First, to characterize VO neurons, head-restrained monkeys were rotated (0.5 Hz, ±40 deg s−1 peak velocity) about the earth-vertical axis to identify neurons responding to passive horizontal whole-body rotation. Next, to confirm each neuron's insensitivity to eye movements, its activity was recorded while the head-restrained monkey made saccadic and smooth pursuit eye movements to track a visual target stepped between horizontal positions (up to ±30 deg) or moved sinusoidally (0.5 Hz, peak velocity ±40 deg s−1), respectively. In addition, neuronal responses were recorded in a third paradigm where the monkey fixated a head-stationary visual target during whole body rotation (VOR cancellation). Neuronal responses were comparable (P = 0.51) to those evoked when the VOR was not cancelled further confirming each neuron's insensitivity to eye movements.
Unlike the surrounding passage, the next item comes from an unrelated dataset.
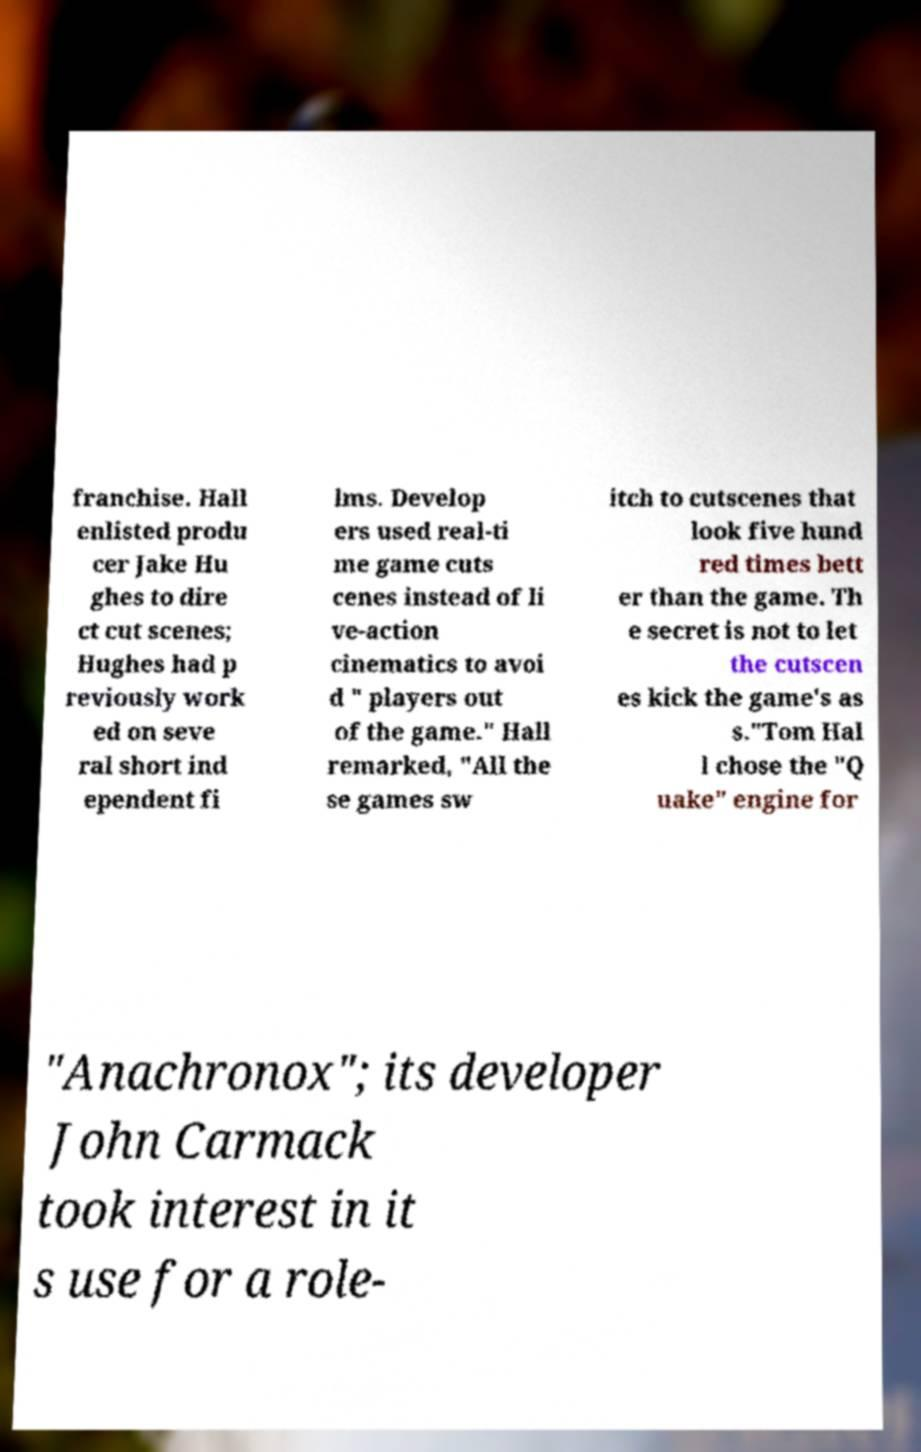For documentation purposes, I need the text within this image transcribed. Could you provide that? franchise. Hall enlisted produ cer Jake Hu ghes to dire ct cut scenes; Hughes had p reviously work ed on seve ral short ind ependent fi lms. Develop ers used real-ti me game cuts cenes instead of li ve-action cinematics to avoi d " players out of the game." Hall remarked, "All the se games sw itch to cutscenes that look five hund red times bett er than the game. Th e secret is not to let the cutscen es kick the game's as s."Tom Hal l chose the "Q uake" engine for "Anachronox"; its developer John Carmack took interest in it s use for a role-

Next, to test neuronal thresholds, three stimulation protocols were applied in total darkness: (1) passive whole-body rotations (i.e. vestibular stimulation; 0.5 Hz, ±40 deg s−1 peak velocity) were applied using the vestibular turntable as in the initial neuron characterization above; (2) passive body-under-head rotations (i.e. proprioceptive stimulation; 0.5 Hz, ±40 deg s−1 and ±80 deg s−1) were applied by rotating the monkey using the turntable while its head was held stationary in space; and (3) passive head-on-body rotations (i.e. combined vestibular and proprioceptive stimulation; 0.5 Hz, ±40 deg s−1) were applied using a torque motor (Kollmorgen, Richmond, ON, Canada) that was attached to the head (Huterer & Cullen, 2002; Sadeghi et al. 2006, 2007a,b2007b, 2009). All analyses were performed using a minimum of five cycles of rotation.

Data acquisition

Extracellular, single-unit recordings were made with enamel-insulated tungsten microelectrodes (7–10 MΩ impedance; Frederick Haer, Bowdoin, ME, USA), the depths of which were controlled with a hydraulic microdrive (Narishige, East Meadow, NY, USA or Tokyo, Japan). Neurons were first identified in the abducens nucleus based on their typical discharge pattern during spontaneous eye movements (Robinson, 1970; Cullen et al. 1993; Sylvestre & Cullen, 1999). The medial and lateral vestibular nuclei were then located lateral and posterior to abducens. In the present study, we focus on VO neurons that were recorded in the contralesional vestibular nuclei. Consistent with previous characterizations, these neurons respond only to vestibular stimulation and are insensitive to eye movements (Roy & Cullen, 2001b, 2004, Sadeghi et al. 2011). VO neurons were then further classified as either type I or type II, based on whether they responded to ipsilaterally or contralaterally directed motion, respectively.

Head and gaze position were acquired using the magnetic search coil technique (Fuchs & Robinson, 1966, Judge et al. 1980), and turntable velocity was measured by an angular velocity sensor (Watson Industries, Eau Claire, WI, USA). All behavioural signals were low-pass filtered at 250 Hz, and recorded with the measured extracellular potential on DAT tape for later playback. During playback, action potentials were discriminated by a windowing circuit (BAK Electronics, Inc., Sanford, FL, USA) that was manually set to generate a pulse at the rising phase of each spike. All signals were digitally sampled at 1 kHz.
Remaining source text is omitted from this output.